J-FP. Dans le même sens, nous nous sommes effectivement dit qu'il n'était pas inintéressant d'orienter nos forces de vente vers plus de féminisation. Aujourd'hui, la femme intervient dans l'acte d'achat dans plus de 60 % des cas. Et puis, 30 % des véhicules vendus le sont à des femmes. Ce sont des faits. Sur le terrain, ensuite, on s'aperçoit que la qualité d'accueil avec une femme est élevée. Or, aujourd'hui, les femmes ne représentent que 10 % de nos forces de vente.
JA. Quel but vous êtes-vous fixés à ce niveau et comment comptez-vous y parvenir ?
J-FP. L'objectif est de faire croître cette part pour l'ensemble du réseau. Si nous pouvons atteindre 25 % de femmes dans les effectifs, ce serait très bien. Mais cela prend du temps.
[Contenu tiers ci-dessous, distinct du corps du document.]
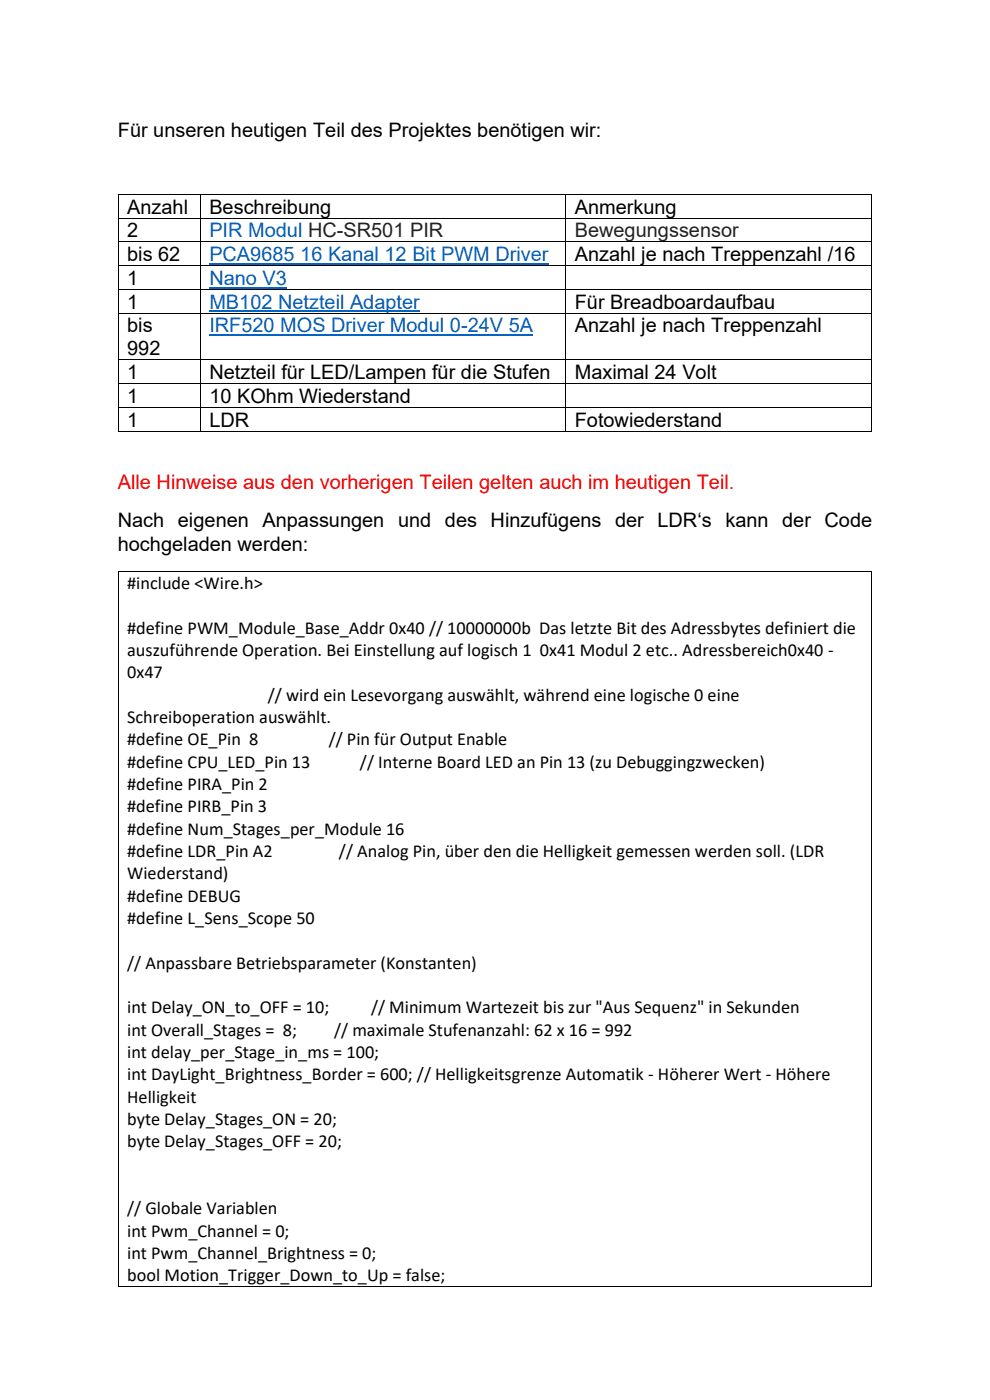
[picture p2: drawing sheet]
<svg xmlns="http://www.w3.org/2000/svg" width="210mm" height="297mm" viewBox="0 0 210 297" stroke-linecap="round" stroke-linejoin="round" font-family="sans-serif">
<defs><g id="words">
<g font-size="4.2">
<text x="25" y="29">Für unseren heutigen Teil des Projektes benötigen wir:</text>
<text x="27" y="45.3">Anzahl</text>
<text x="44.4" y="45.3">Beschreibung</text>
<text x="121.9" y="45.3">Anmerkung</text>
<text x="27" y="50.4">2</text>
<text x="27" y="55.4">bis 62</text>
<text x="121.9" y="55.4">Anzahl je nach Treppenzahl /16</text>
<text x="27" y="60.4">1</text>
<text x="27" y="65.5">1</text>
<text x="121.9" y="65.5">Für Breadboardaufbau</text>
<text x="27" y="70.5">bis</text>
<text x="121.9" y="70.5">Anzahl je nach Treppenzahl</text>
<text x="27" y="75.4">992</text>
<text x="27" y="80.4">1</text>
<text x="44.4" y="80.4">Netzteil für LED/Lampen für die Stufen</text>
<text x="121.9" y="80.4">Maximal 24 Volt</text>
<text x="27" y="85.5">1</text>
<text x="44.4" y="85.5">10 KOhm Wiederstand</text>
<text x="27" y="90.5">1</text>
<text x="44.4" y="90.5">LDR</text>
<text x="121.9" y="90.5">Fotowiederstand</text>
<text x="25" y="111.7">Nach eigenen Anpassungen und des Hinzufügens der LDR‘s kann der Code</text>
<text x="25" y="117">hochgeladen werden:</text>
</g>
<g font-size="4.2" fill="#0563c1">
<text x="44.4" y="50.4">PIR Modul</text>
<text x="44.4" y="55.4">PCA9685 16 Kanal 12 Bit PWM Driver</text>
<text x="44.4" y="60.4">Nano V3</text>
<text x="44.4" y="65.5">MB102 Netzteil Adapter</text>
<text x="44.4" y="70.5">IRF520 MOS Driver Modul 0-24V 5A</text>
</g>
<g font-size="4.2" fill="#222">
<text x="65.3" y="50.4">HC-SR501 PIR</text>
<text x="121.9" y="50.4">Bewegungssensor</text>
</g>
<text font-size="4.2" fill="#f00" x="25" y="103.7">Alle Hinweise aus den vorherigen Teilen gelten auch im heutigen Teil.</text>
<g font-size="3.9">
<text x="27" y="124.9">#include &lt;Wire.h&gt;</text>
<text x="27" y="134.4">#define PWM_Module_Base_Addr 0x40 // 10000000b Das letzte Bit des Adressbytes definiert die</text>
<text x="27" y="143.9">0x47</text>
<text x="27" y="139.1">auszuführende Operation. Bei Einstellung auf logisch 1 0x41 Modul 2 etc.. Adressbereich0x40 -</text>
<text x="56.8" y="148.6">// wird ein Lesevorgang auswählt, während eine logische 0 eine</text>
<text x="27" y="153.4">Schreiboperation auswählt.</text>
<text x="27" y="158.1">#define OE_Pin 8</text>
<text x="69.7" y="158.1">// Pin für Output Enable</text>
<text x="27" y="162.8">#define CPU_LED_Pin 13</text>
<text x="27" y="167.6">#define PIRA_Pin 2</text>
<text x="76.4" y="162.8">// Interne Board LED an Pin 13 (zu Debuggingzwecken)</text>
<text x="27" y="172.3">#define PIRB_Pin 3</text>
<text x="27" y="177.1">#define Num_Stages_per_Module 16</text>
<text x="27" y="181.8">#define LDR_Pin A2</text>
<text x="71.9" y="181.8">// Analog Pin, über den die Helligkeit gemessen werden soll. (LDR</text>
<text x="27" y="191.3">#define DEBUG</text>
<text x="27" y="186.5">Wiederstand)</text>
<text x="27" y="196">#define L_Sens_Scope 50</text>
<text x="27" y="205.5">// Anpassbare Betriebsparameter (Konstanten)</text>
<text x="27" y="214.9">int Delay_ON_to_OFF = 10;</text>
<text x="78.7" y="214.9">// Minimum Wartezeit bis zur &quot;Aus Sequenz&quot; in Sekunden</text>
<text x="27" y="219.7">int Overall_Stages = 8;</text>
<text x="70.9" y="219.7">// maximale Stufenanzahl: 62 x 16 = 992</text>
<text x="27" y="224.4">int delay_per_Stage_in_ms = 100;</text>
<text x="27" y="233.9">Helligkeit</text>
<text x="27" y="229.2">int DayLight_Brightness_Border = 600; // Helligkeitsgrenze Automatik - Höherer Wert - Höhere</text>
<text x="27" y="238.6">byte Delay_Stages_ON = 20;</text>
<text x="27" y="243.4">byte Delay_Stages_OFF = 20;</text>
<text x="27" y="257.6">// Globale Variablen</text>
<text x="27" y="262.3">int Pwm_Channel = 0;</text>
<text x="27" y="267.1">int Pwm_Channel_Brightness = 0;</text>
<text x="27" y="271.8">bool Motion_Trigger_Down_to_Up = false;</text>
</g>
</g></defs>
<g fill="#000">
<path d="M25 41.1h.2v.2h-.2z" fill-rule="evenodd"/>
<path d="M25 41.1h.2v.2h-.2z" fill-rule="evenodd"/>
<path d="M42.4 41.1h.2v.2h-.2z" fill-rule="evenodd"/>
<path d="M119.9 41.1h.2v.2h-.2z" fill-rule="evenodd"/>
<path d="M184.8 41.1h.2v.2h-.2z" fill-rule="evenodd"/>
<path d="M184.8 41.1h.2v.2h-.2z" fill-rule="evenodd"/>
</g>
<path d="M25.1 41.3v4.9M25.2 41.2h17.2M42.5 41.3v4.9M42.6 41.2h77.3M120 41.3v4.9M120.1 41.2h64.7M184.9 41.3v4.9" fill="none" stroke="#000" stroke-width=".21"/>
<g fill="#fff">
<path d="M65.3 46.4h28.7v4.8h-28.7z" fill-rule="evenodd"/>
<path d="M121.9 46.4h34.8v4.8h-34.8z" fill-rule="evenodd"/>
</g>
<g fill="#000">
<path d="M25 46.2h.2v.2h-.2z" fill-rule="evenodd"/>
<path d="M42.4 46.2h.2v.2h-.2z" fill-rule="evenodd"/>
<path d="M119.9 46.2h.2v.2h-.2z" fill-rule="evenodd"/>
<path d="M184.8 46.2h.2v.2h-.2z" fill-rule="evenodd"/>
</g>
<path d="M25.1 46.4v4.8M25.2 46.3h17.2M42.5 46.4v4.8M42.6 46.3h77.3M120 46.4v4.8M120.1 46.3h64.7M184.9 46.4v4.8" fill="none" stroke="#000" stroke-width=".21"/>
<path d="M44.4 51.4h72v4.9h-72z" fill-rule="evenodd" fill="#fff"/>
<path d="M44.4 56h72M44.4 61h16.5M44.4 66.1h44.7" fill="none" stroke="#0563c1" stroke-width=".32"/>
<g fill="#000">
<path d="M25 51.2h.2v.2h-.2z" fill-rule="evenodd"/>
<path d="M25 56.3h.2v.2h-.2z" fill-rule="evenodd"/>
<path d="M42.4 51.2h.2v.2h-.2z" fill-rule="evenodd"/>
<path d="M42.4 56.3h.2v.2h-.2z" fill-rule="evenodd"/>
<path d="M119.9 51.2h.2v.2h-.2z" fill-rule="evenodd"/>
<path d="M119.9 56.3h.2v.2h-.2z" fill-rule="evenodd"/>
<path d="M184.8 51.2h.2v.2h-.2z" fill-rule="evenodd"/>
<path d="M184.8 56.3h.2v.2h-.2z" fill-rule="evenodd"/>
<path d="M25 61.3h.2v.2h-.2z" fill-rule="evenodd"/>
<path d="M42.4 61.3h.2v.2h-.2z" fill-rule="evenodd"/>
<path d="M119.9 61.3h.2v.2h-.2z" fill-rule="evenodd"/>
<path d="M184.8 61.3h.2v.2h-.2z" fill-rule="evenodd"/>
</g>
<g fill="none" stroke="#000" stroke-width=".21">
<path d="M25.1 51.4v4.9M25.1 56.5v4.8M25.2 51.3h17.2M25.2 56.4h17.2M42.5 51.4v4.9M42.5 56.5v4.8M42.6 51.3h77.3M42.6 56.4h77.3M120 51.4v4.9M120 56.5v4.8M120.1 51.3h64.7M120.1 56.4h64.7"/>
<path d="M184.9 51.4v4.9M184.9 56.5v4.8M25.1 61.5v4.9M25.2 61.4h17.2M42.5 61.5v4.9M42.6 61.4h77.3M120 61.5v4.9M120.1 61.4h64.7M184.9 61.5v4.9"/>
</g>
<path d="M44.4 66.5h68.7v4.9h-68.7z" fill-rule="evenodd" fill="#fff"/>
<path d="M44.4 71.1h68.7" fill="none" stroke="#0563c1" stroke-width=".32"/>
<g fill="#000">
<path d="M25 66.4h.2v.1h-.2z" fill-rule="evenodd"/>
<path d="M25 76.3h.2v.2h-.2z" fill-rule="evenodd"/>
<path d="M42.4 66.4h.2v.1h-.2z" fill-rule="evenodd"/>
<path d="M42.4 76.3h.2v.2h-.2z" fill-rule="evenodd"/>
<path d="M119.9 66.4h.2v.1h-.2z" fill-rule="evenodd"/>
<path d="M119.9 76.3h.2v.2h-.2z" fill-rule="evenodd"/>
<path d="M184.8 66.4h.2v.1h-.2z" fill-rule="evenodd"/>
<path d="M184.8 76.3h.2v.2h-.2z" fill-rule="evenodd"/>
<path d="M25 81.3h.2v.2h-.2z" fill-rule="evenodd"/>
<path d="M25 86.4h.2v.1h-.2z" fill-rule="evenodd"/>
<path d="M25 91.4h.2v.2h-.2z" fill-rule="evenodd"/>
<path d="M25 91.4h.2v.2h-.2z" fill-rule="evenodd"/>
<path d="M42.4 81.3h.2v.2h-.2z" fill-rule="evenodd"/>
<path d="M42.4 86.4h.2v.1h-.2z" fill-rule="evenodd"/>
<path d="M42.4 91.4h.2v.2h-.2z" fill-rule="evenodd"/>
<path d="M119.9 81.3h.2v.2h-.2z" fill-rule="evenodd"/>
<path d="M119.9 86.4h.2v.1h-.2z" fill-rule="evenodd"/>
<path d="M119.9 91.4h.2v.2h-.2z" fill-rule="evenodd"/>
<path d="M184.8 81.3h.2v.2h-.2z" fill-rule="evenodd"/>
<path d="M184.8 86.4h.2v.1h-.2z" fill-rule="evenodd"/>
<path d="M184.8 91.4h.2v.2h-.2z" fill-rule="evenodd"/>
<path d="M184.8 91.4h.2v.2h-.2z" fill-rule="evenodd"/>
<path d="M25 121.1h.2v.1h-.2z" fill-rule="evenodd"/>
<path d="M25 121.1h.2v.1h-.2z" fill-rule="evenodd"/>
<path d="M184.8 121.1h.2v.1h-.2z" fill-rule="evenodd"/>
<path d="M184.8 121.1h.2v.1h-.2z" fill-rule="evenodd"/>
<path d="M25 272.8h.2v.2h-.2z" fill-rule="evenodd"/>
<path d="M25 272.8h.2v.2h-.2z" fill-rule="evenodd"/>
<path d="M184.8 272.8h.2v.2h-.2z" fill-rule="evenodd"/>
<path d="M184.8 272.8h.2v.2h-.2z" fill-rule="evenodd"/>
</g>
<g fill="none" stroke="#000" stroke-width=".21">
<path d="M25.1 66.5v9.8M25.1 76.5v4.8M25.2 66.4h17.2M25.2 76.4h17.2M42.5 66.5v9.8M42.5 76.5v4.8M42.6 66.4h77.3M42.6 76.4h77.3M120 66.5v9.8M120 76.5v4.8M120.1 66.4h64.7M120.1 76.4h64.7"/>
<path d="M184.9 66.5v9.8M184.9 76.5v4.8M25.1 81.5v4.9M25.1 86.5v4.9M25.2 81.4h17.2M25.2 86.4h17.2M25.2 91.5h17.2M42.5 81.5v4.9M42.5 86.5v4.9M42.6 81.4h77.3M42.6 86.4h77.3M42.6 91.5h77.3"/>
<path d="M120 81.5v4.9M120 86.5v4.9M120.1 81.4h64.7M120.1 86.4h64.7M120.1 91.5h64.7M184.9 81.5v4.9M184.9 86.5v4.9M25.1 121.2v151.6M25.2 121.2h159.6M184.9 121.2v151.6M25.2 272.9h159.6"/>
</g>
<use href="#words"/>
</svg>

Nous avons, à ce sujet, monté un site Internet communautaire en partenariat avec l'association "Les Elles de l'Auto". Le but étant pour nous de montrer aux femmes que nous sommes capables de nous engager sur le terrain de l'équité. Il faut donner envie, susciter des vocations. D'ailleurs, nous nous sommes fixés comme objectif de recruter 25 % de femmes dans les écoles de vente d'ici 2011. Le constructeur lui-même montre d'ailleurs l'exemple. Renault a annoncé récemment sa volonté de féminiser 50 % de ses effectifs, hors de la partie production. Quant à la distribution, c'est la même chose. Renault Retail Group s'est lui aussi engagé à féminiser 50 % de ses postes de vendeurs.